Не обманулась Ахимья Ивановна: обе девки подолгу прожили у дяди Андрея, кухарили, нянчились с братанами малыми, ежегодно слали домой рыбу кету и другие амурские гостинцы. Но не пошли девки – ни старшая Авдотья, ни поменьше, Улита– по дороге Лефершиной: к ученью не лежали девичьи их сердца, как ни настаивал на этом дядя. Улита еще с грехом пополам обучилась каракульки рисовать, фамилию подписывать, Авдотья же и вовсе за карандаш не бралась.
Так и вернулись обе со временем под родительский кров неграмотные, но зато с потешными городскими повадками. С неохотой поскидали они юбки и кофты, чулочки поснимали, чтоб парни и девки смехом не изводили, сызнова в долгие сарафаны обрядились, на шею, как все, мониста из желтого, леденцового камня повесили. Забавно и стыдно казалось им на первых порах высоко подтыкать спереди сарафаны, – лытки голые, а хвост по земле метет, – ну да к своему как опять не привыкнешь…
6
С легкой руки Дементея и Ахимьи и прочие никольцы зачастили на Амур: соберутся, бывало, хозяев пятнадцать – двадцать, а то и тридцать, да прямо к Андрею Иванычу. Никто из них не сомневался, потому как через брата он на деревню весть подал: хочу, дескать, чтоб у меня в артели свои работали, награду сулил – по бочке рыбы каждому сверх заработка – и не было случая, чтоб слова своего не сдержал.
Обласканные и уваженные рыбкой от сердечного земляка Андрея Иваныча, все были бесконечно им довольны и по весне ехали вновь… Андрей Иваныч так понимал свой интерес: ловчей, усердней семейских в работе не сыщешь…
И стал Амур для никольцев второй Олёкмой. Кто победнее, ехали гуртом, в складчину или на Андрееву ссуду, а самостоятельные – в одиночку снаряжались. Эти, слов нет, не за работой гнались, не за жалованьем, а за длинным рублем: везли домой почти задарма купленную кету десятками пузатых бочек, восхваляли простоту и обходительность амурского земляка-рыбалошника. Главным пайщиком и создателем артели был Андрей Иваныч, и потачка никольцам на рыбалке была во всем. Все хвалили его, ни один у себя в деревне не пожаловался.

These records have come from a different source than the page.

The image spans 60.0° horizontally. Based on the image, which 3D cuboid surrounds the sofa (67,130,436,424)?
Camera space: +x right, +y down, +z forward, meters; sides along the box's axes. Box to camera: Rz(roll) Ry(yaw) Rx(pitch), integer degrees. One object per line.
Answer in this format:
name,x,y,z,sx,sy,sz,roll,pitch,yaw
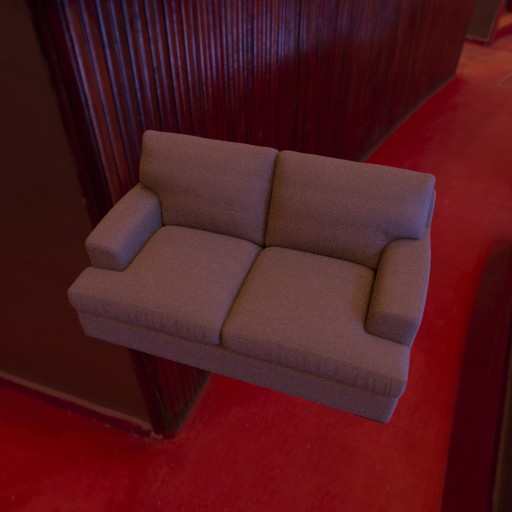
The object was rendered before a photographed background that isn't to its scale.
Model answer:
sofa,0.000,0.000,2.546,1.869,0.950,1.140,12,42,14
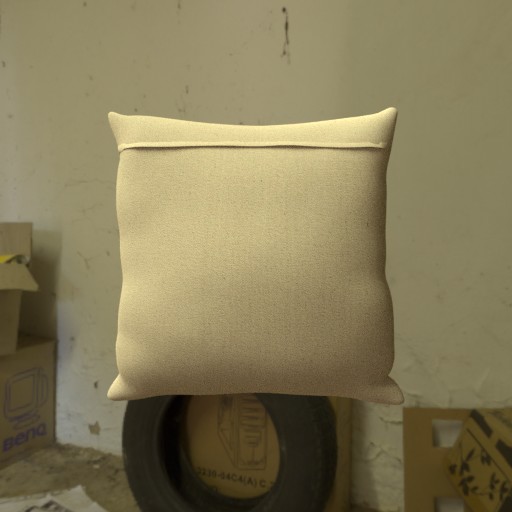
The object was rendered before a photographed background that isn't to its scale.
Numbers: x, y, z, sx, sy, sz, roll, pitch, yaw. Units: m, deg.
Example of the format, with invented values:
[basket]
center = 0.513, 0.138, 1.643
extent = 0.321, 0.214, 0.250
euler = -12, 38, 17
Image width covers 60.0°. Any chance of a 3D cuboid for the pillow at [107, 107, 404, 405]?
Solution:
[pillow]
center = 0.000, 0.000, 0.662
extent = 0.440, 0.441, 0.182
euler = 0, 1, 0
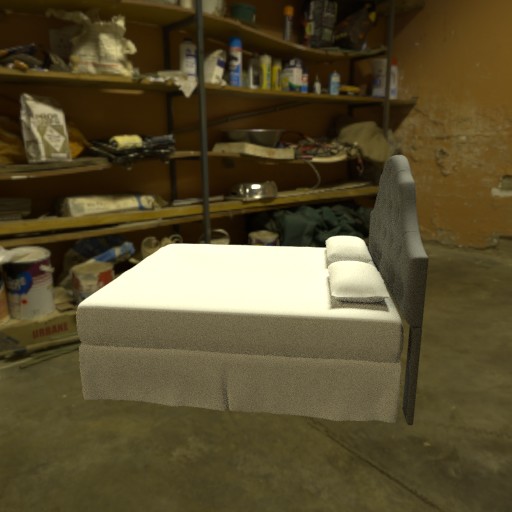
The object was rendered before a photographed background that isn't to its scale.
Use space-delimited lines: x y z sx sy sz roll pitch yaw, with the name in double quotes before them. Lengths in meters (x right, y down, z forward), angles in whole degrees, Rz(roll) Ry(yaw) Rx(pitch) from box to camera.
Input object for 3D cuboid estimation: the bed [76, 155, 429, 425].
"bed" 0.000 0.000 3.625 2.214 1.615 2.008 2 14 7
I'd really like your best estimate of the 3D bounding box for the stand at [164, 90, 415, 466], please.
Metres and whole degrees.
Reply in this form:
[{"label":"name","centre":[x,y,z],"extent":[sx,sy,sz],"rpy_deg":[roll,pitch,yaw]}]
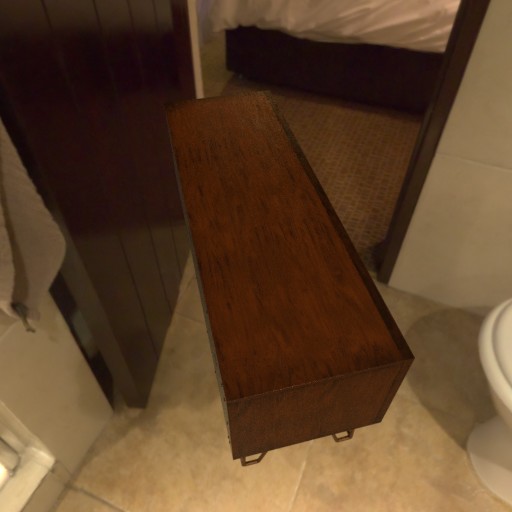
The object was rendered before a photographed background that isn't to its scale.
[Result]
[{"label":"stand","centre":[0.000,0.000,1.716],"extent":[0.481,0.610,1.372],"rpy_deg":[-10,49,-9]}]
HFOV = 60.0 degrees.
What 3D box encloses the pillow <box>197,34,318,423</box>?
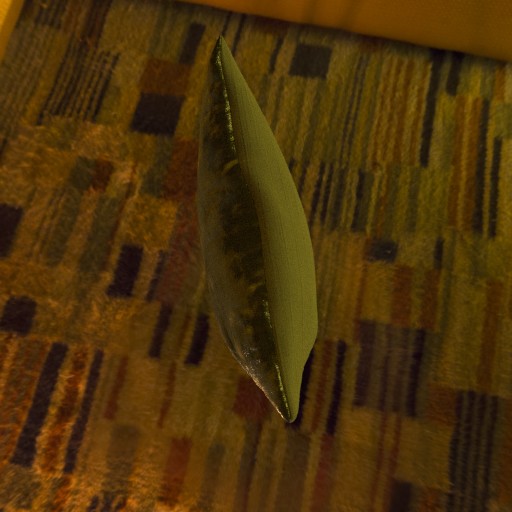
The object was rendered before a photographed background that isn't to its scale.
[{"bbox_3d":[0.000,0.000,0.723,0.175,0.464,0.470,-9,76,-2],"label":"pillow"}]
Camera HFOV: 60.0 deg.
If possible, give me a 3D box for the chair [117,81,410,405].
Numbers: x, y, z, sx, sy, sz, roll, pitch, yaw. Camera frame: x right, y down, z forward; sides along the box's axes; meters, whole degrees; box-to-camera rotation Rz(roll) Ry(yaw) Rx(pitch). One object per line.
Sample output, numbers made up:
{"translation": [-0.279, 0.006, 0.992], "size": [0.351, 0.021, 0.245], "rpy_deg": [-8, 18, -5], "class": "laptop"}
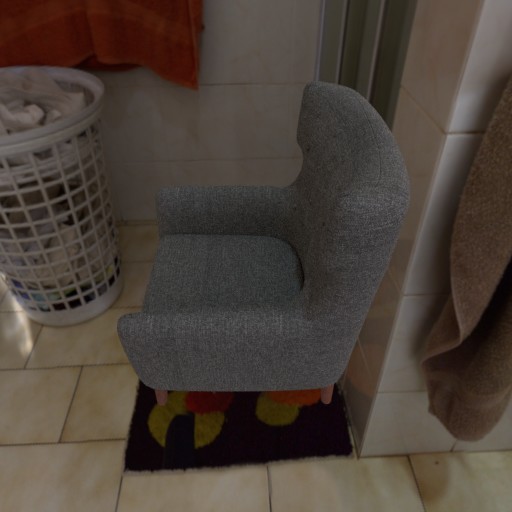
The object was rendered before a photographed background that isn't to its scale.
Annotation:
{"translation": [0.000, 0.000, 1.724], "size": [0.904, 1.063, 0.878], "rpy_deg": [0, 40, 0], "class": "chair"}
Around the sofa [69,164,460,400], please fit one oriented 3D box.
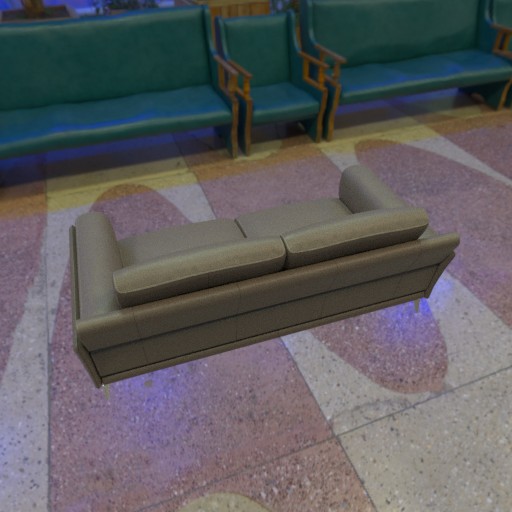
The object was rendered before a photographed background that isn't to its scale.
[{"bbox_3d":[0.000,0.000,2.700,2.101,0.930,1.049,-13,42,-14],"label":"sofa"}]
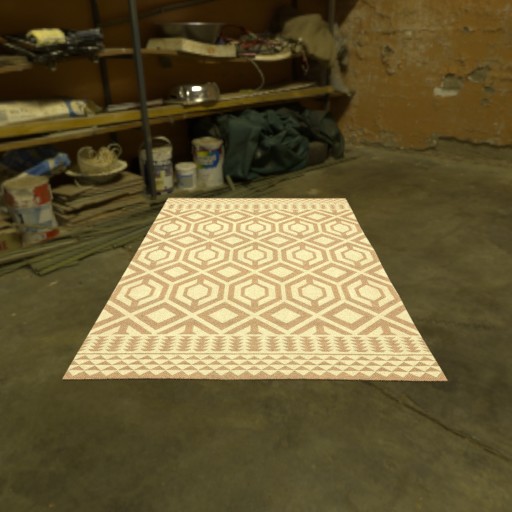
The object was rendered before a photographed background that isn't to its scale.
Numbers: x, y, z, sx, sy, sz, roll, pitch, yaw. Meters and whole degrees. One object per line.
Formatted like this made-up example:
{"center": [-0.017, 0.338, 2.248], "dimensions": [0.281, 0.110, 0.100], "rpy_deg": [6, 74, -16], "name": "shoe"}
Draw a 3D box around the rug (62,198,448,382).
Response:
{"center": [0.000, 0.000, 2.225], "dimensions": [1.219, 0.008, 1.829], "rpy_deg": [0, 26, 0], "name": "rug"}
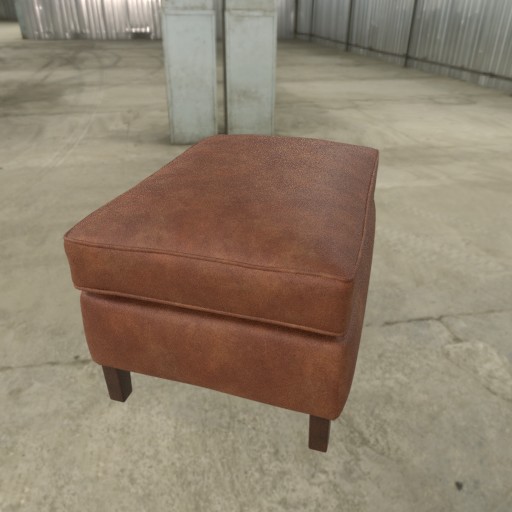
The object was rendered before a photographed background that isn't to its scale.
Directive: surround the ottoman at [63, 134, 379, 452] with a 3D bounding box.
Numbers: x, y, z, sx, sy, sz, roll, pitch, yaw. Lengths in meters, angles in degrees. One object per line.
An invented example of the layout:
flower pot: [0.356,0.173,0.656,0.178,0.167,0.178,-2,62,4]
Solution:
ottoman: [0.000,0.000,0.990,0.501,0.418,0.665,8,31,14]
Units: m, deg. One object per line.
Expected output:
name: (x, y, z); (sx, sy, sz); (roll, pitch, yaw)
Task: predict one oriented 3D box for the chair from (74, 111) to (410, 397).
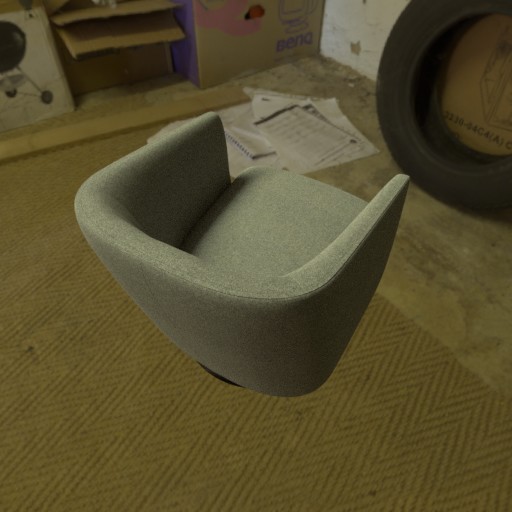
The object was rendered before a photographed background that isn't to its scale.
chair: (0.000, 0.000, 1.593); (0.822, 0.861, 0.986); (24, 51, 22)
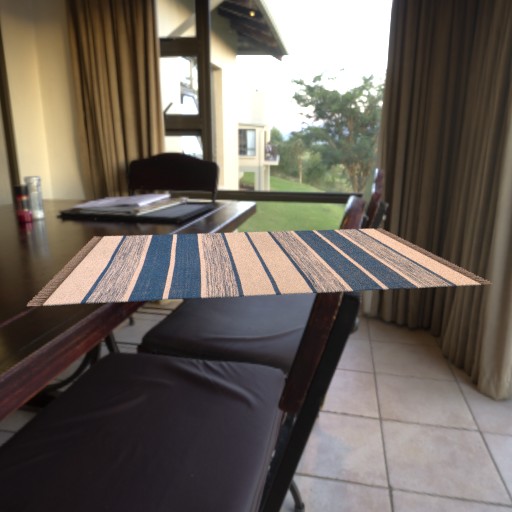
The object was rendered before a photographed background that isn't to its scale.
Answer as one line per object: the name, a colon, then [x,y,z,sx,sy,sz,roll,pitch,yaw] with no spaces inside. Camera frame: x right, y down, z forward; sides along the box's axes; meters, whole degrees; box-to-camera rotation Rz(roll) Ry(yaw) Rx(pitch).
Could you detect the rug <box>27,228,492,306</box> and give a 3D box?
rug: [0.000,0.000,3.015,2.441,0.010,1.532,-2,15,-7]
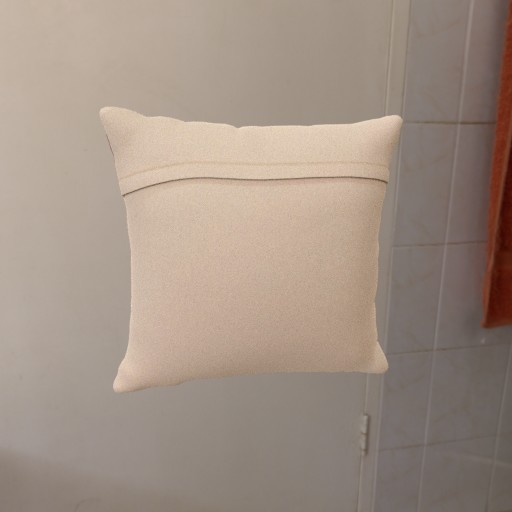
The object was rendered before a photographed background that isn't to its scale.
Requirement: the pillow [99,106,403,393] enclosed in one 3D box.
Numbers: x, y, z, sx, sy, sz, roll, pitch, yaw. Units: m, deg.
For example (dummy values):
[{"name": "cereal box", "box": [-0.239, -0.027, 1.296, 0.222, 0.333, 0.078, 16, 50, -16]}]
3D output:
[{"name": "pillow", "box": [0.000, 0.000, 0.799, 0.536, 0.506, 0.229, -2, 15, -8]}]
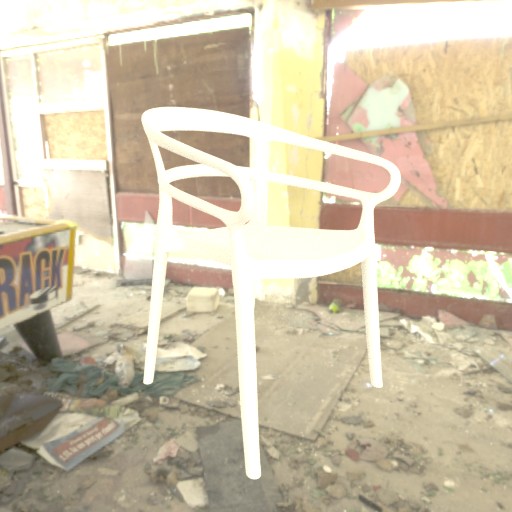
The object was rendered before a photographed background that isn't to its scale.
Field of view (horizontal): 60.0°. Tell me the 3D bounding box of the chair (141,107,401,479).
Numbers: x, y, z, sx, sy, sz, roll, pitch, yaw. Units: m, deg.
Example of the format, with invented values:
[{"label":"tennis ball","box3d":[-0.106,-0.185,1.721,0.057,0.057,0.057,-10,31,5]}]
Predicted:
[{"label":"chair","box3d":[0.000,0.000,1.148,0.527,0.761,0.559,13,19,43]}]
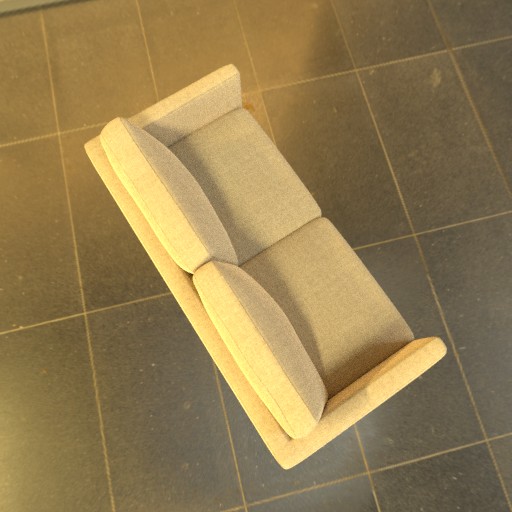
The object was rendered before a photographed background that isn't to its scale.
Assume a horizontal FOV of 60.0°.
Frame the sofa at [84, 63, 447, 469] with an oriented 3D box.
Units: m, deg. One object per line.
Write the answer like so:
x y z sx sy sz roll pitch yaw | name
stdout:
0.000 0.000 2.418 0.950 0.963 1.884 -32 77 -8 | sofa
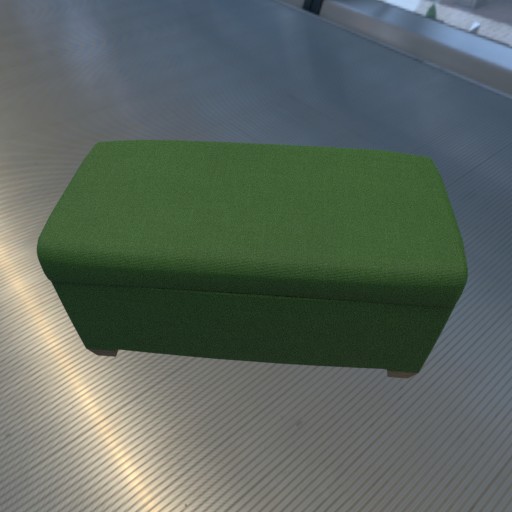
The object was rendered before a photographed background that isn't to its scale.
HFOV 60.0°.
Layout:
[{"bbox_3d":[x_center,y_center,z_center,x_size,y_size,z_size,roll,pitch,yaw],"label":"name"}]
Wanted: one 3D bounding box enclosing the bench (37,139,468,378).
[{"bbox_3d":[0.000,0.000,1.294,0.989,0.501,0.505,3,47,3],"label":"bench"}]
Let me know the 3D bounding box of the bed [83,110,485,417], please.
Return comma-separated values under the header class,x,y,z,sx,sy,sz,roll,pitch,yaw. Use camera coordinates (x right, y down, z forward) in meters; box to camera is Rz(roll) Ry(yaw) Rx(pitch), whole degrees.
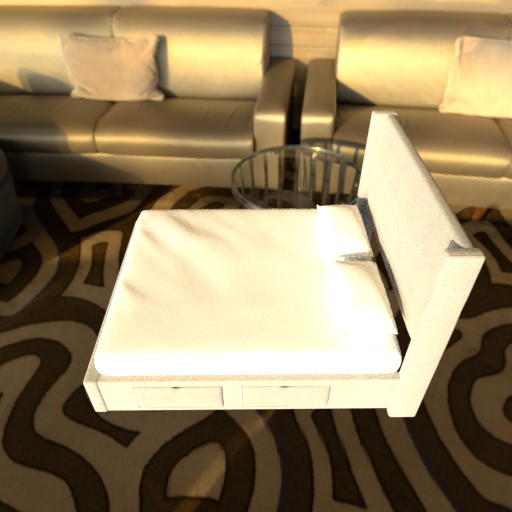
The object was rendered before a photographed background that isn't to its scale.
class,x,y,z,sx,sy,sz,roll,pitch,yaw
bed,0.000,0.000,3.286,2.222,1.491,1.774,0,41,0

Кто-кто не перебывал у Андрея Иваныча, за это время, кто-кто не поживился от доброй души его! Неподвижный Панфил Созонтыч – и тот прикрыл однажды свою лавочку и увязался с Дементеем на Амур, прихватив с собою в красном платочке две тысячи целковых.
На рыбалке Панфил Созонтыч всему дивовался, ел за пятерых, сохранял за столом Андреевым степенную важность, поглаживал сивые мягкие усы, по обычаю своему, с вывертом, крест-накрест и, насытившись икоркой, громогласно рыгал.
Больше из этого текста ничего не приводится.